Кноссо вышел в море, взяв с собой пятерку кораблей, а остальные остались прикрывать столицу. Ни у кого ни малейших сомнений не оставалось, что случится потом. Именно поэтому купеческие корабли поплыли на Сифнос и в Пафос, чтобы не попасть в ловушку в порту Эноми, а товары начали перевозить наверх, под защиту каменных стен акрополя. Городские укрепления будут возводить еще не один год, а война — вот она! На пороге уже.
Абарис, который готовил город к обороне, даже с лица спал от забот. Он метался по нему, как голодная собака, и даже царевна Лисианасса, которая попробовала что-то сказать невовремя, едва не лишилась сна, взглянув в бешеные глаза собственного мужа.

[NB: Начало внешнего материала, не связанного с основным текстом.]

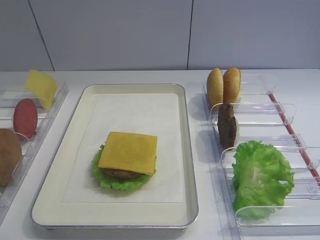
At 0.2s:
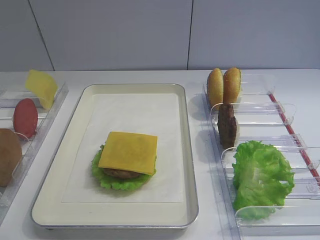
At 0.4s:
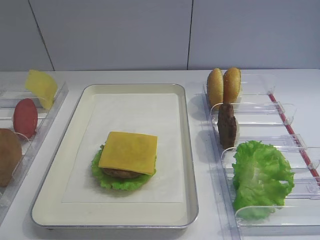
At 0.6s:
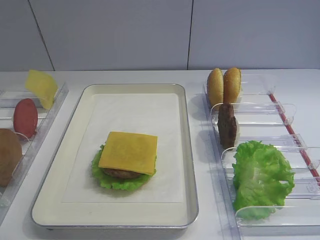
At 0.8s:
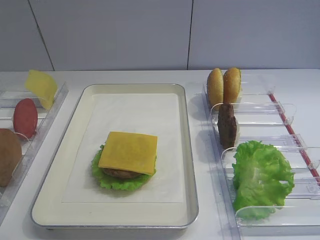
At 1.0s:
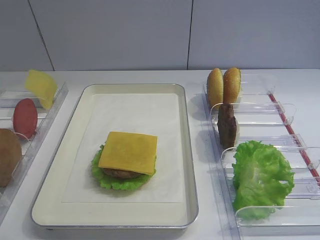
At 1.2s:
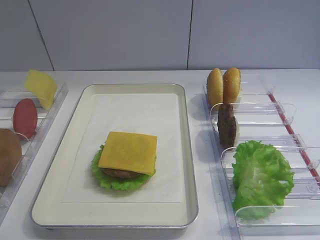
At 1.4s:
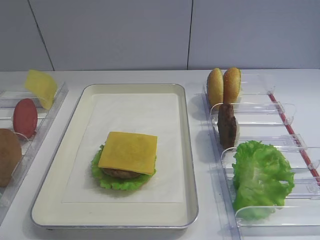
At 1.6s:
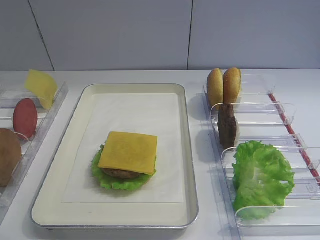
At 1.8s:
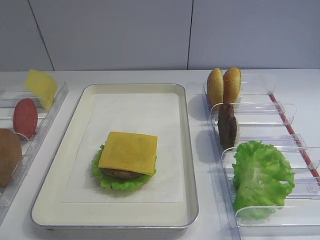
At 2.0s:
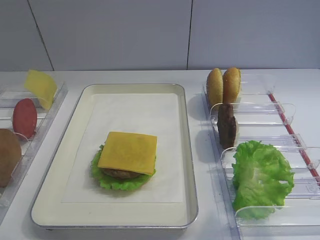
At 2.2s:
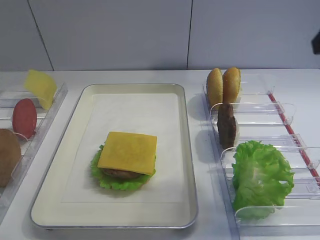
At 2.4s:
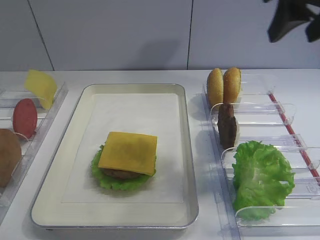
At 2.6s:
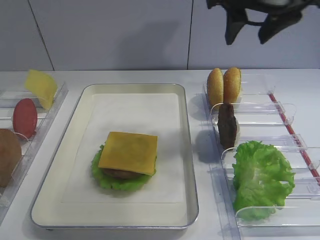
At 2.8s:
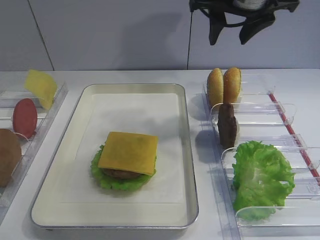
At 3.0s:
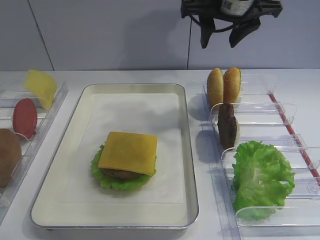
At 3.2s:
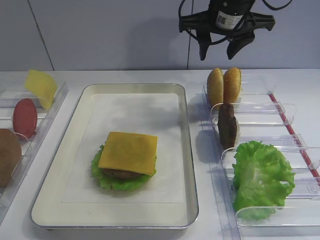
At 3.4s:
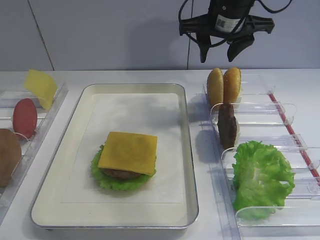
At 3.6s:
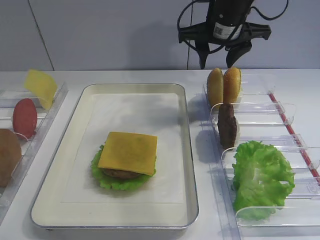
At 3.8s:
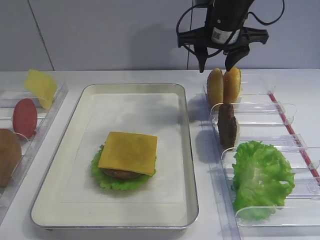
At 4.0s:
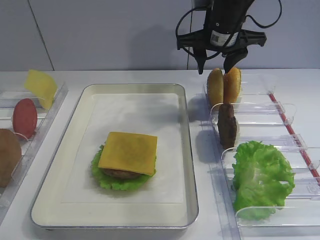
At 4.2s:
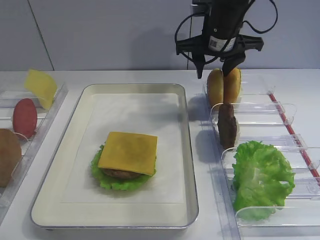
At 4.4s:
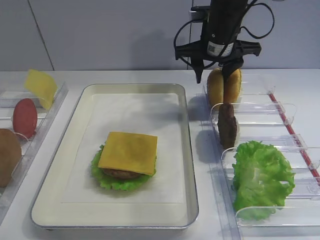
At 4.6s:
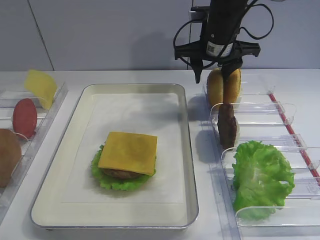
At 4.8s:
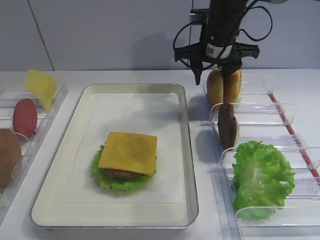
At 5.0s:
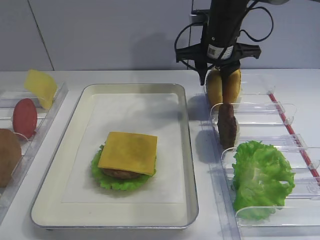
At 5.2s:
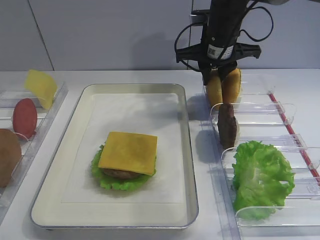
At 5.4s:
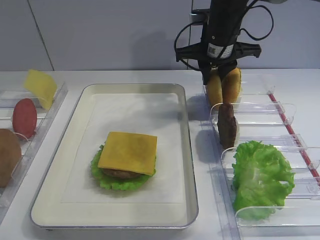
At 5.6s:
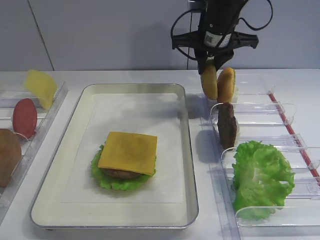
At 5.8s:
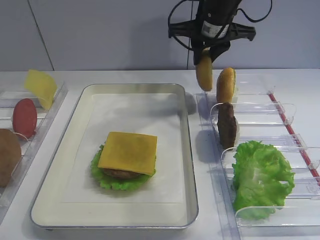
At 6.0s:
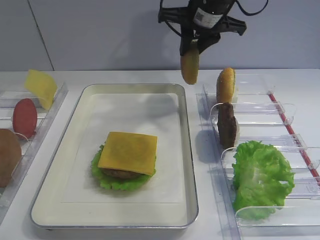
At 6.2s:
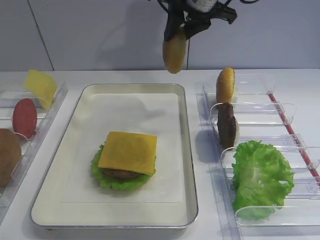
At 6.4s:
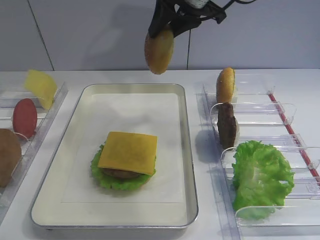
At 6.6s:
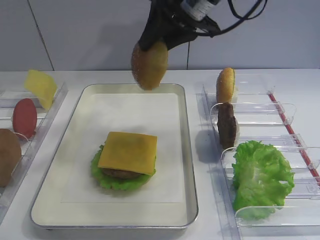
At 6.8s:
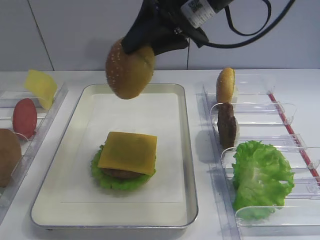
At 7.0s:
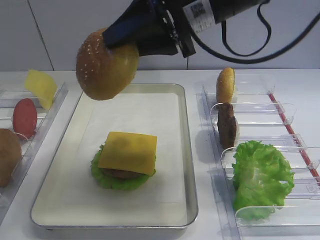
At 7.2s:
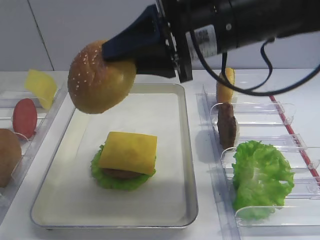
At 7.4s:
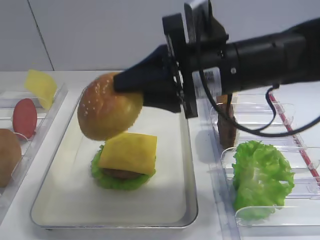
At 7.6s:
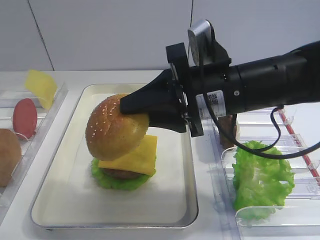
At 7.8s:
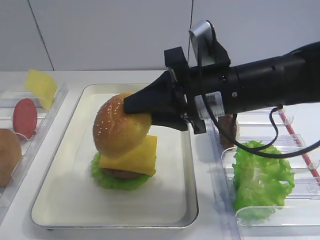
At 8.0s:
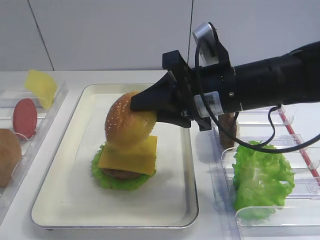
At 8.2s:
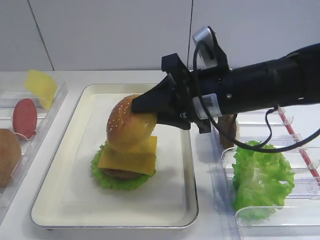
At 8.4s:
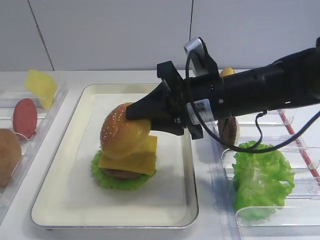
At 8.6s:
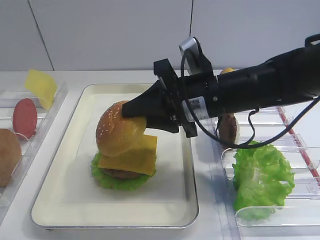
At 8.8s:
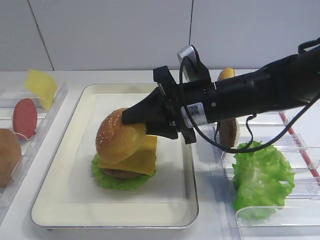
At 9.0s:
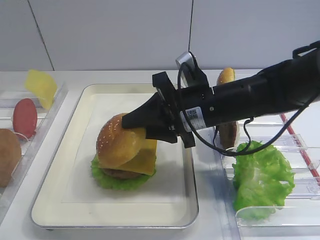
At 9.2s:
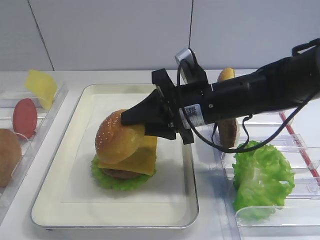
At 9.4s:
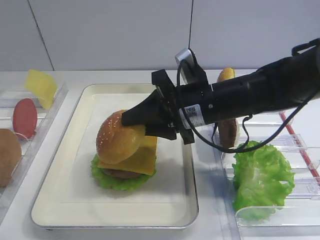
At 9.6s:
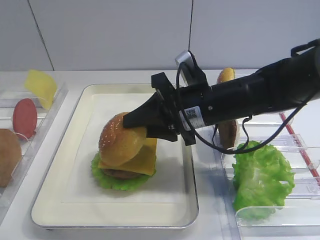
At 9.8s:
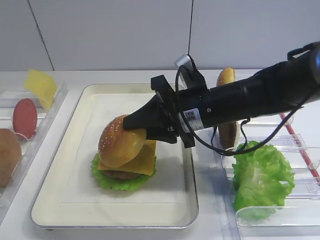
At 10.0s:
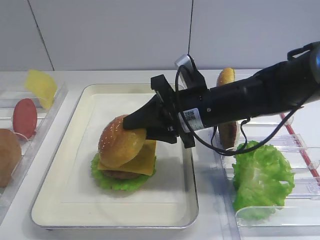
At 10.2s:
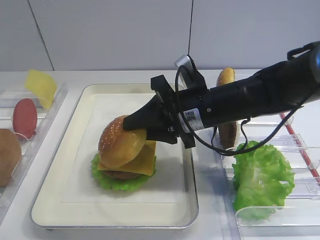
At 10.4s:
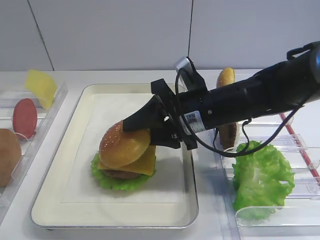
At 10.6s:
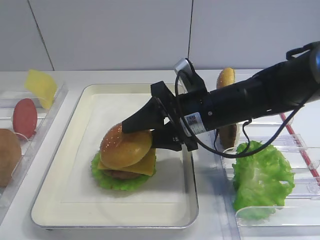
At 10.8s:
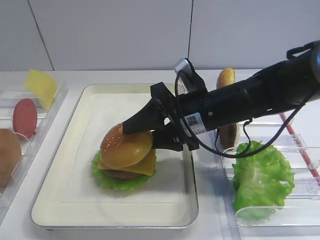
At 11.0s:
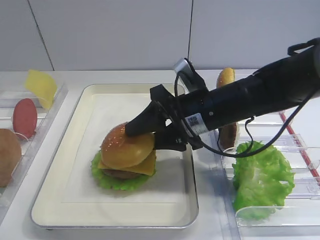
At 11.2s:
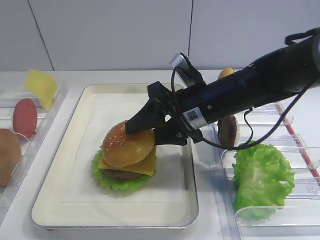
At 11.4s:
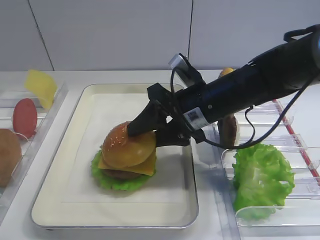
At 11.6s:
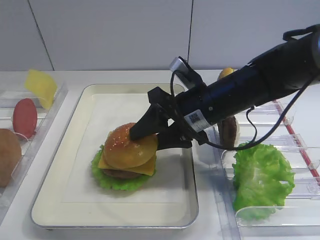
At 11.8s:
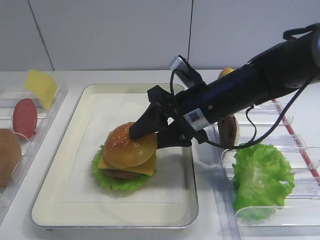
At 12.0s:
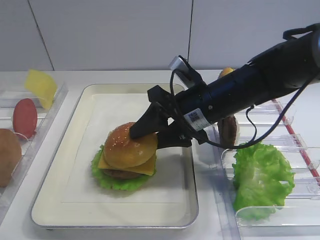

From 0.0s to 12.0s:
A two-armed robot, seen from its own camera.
Step, from 0.0s to 5.8s: Pick up the hamburger lid with the right gripper.
From 1.6s to 3.0s: The right gripper goes some 35 cm forward and to the left.
From 3.0s to 4.4s: The right gripper heads downward, covering roughly 10 cm.
From 4.4s to 6.0s: The right gripper closes up.
From 6.0s to 7.6s: The right gripper moves backward, about 20 cm.
From 7.6s to 9.0s: The right gripper is displaced downward by roughly 5 cm.
From 9.0s to 10.4s: Both grippers stay about where they are.
From 10.4s to 12.0s: The grippers move only a little.

— Прости, господин мой, у меня еще полотно не готово. Пойду я, — испуганно пискнула она и спешно прикрыла за собой дверь, привалившись к ней спиной. И вовремя, потому что, ударившись о резное кедровое полотно, мелкими брызгами разлетелась расписная чаша из Микен. Серебряной посуды в этом доме больше не осталось. Царевна с тех пор так и сидела в своих покоях, выдавая нагора немыслимые объемы тканей. А легат, которого к вечеру уже ноги не держали, стоял на башне и до боли в глазах всматривался в морскую гладь, словно не доверяя своему же воину, поставленному для наблюдения.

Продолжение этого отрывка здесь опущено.